Assigned task
Using the records below, write out again exactly the lines that begin at the line containing "You are a GUI" and end at the line containing "Viewport: 924px width, 1305px height.", and no other lines.

Segment Start: Records shown

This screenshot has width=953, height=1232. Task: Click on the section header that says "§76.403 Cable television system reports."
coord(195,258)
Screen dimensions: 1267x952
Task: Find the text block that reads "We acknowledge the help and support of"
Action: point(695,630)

Segment End: Records shown
Segment Start: Records shown

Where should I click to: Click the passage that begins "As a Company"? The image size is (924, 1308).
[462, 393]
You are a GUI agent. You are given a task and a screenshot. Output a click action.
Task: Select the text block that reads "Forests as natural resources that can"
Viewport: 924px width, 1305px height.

Segment End: Records shown

Answer for this exercise
You are a GUI agent. You are given a task and a screenshot. Output a click action.
Task: Select the text block that reads "Forests as natural resources that can"
Viewport: 924px width, 1305px height.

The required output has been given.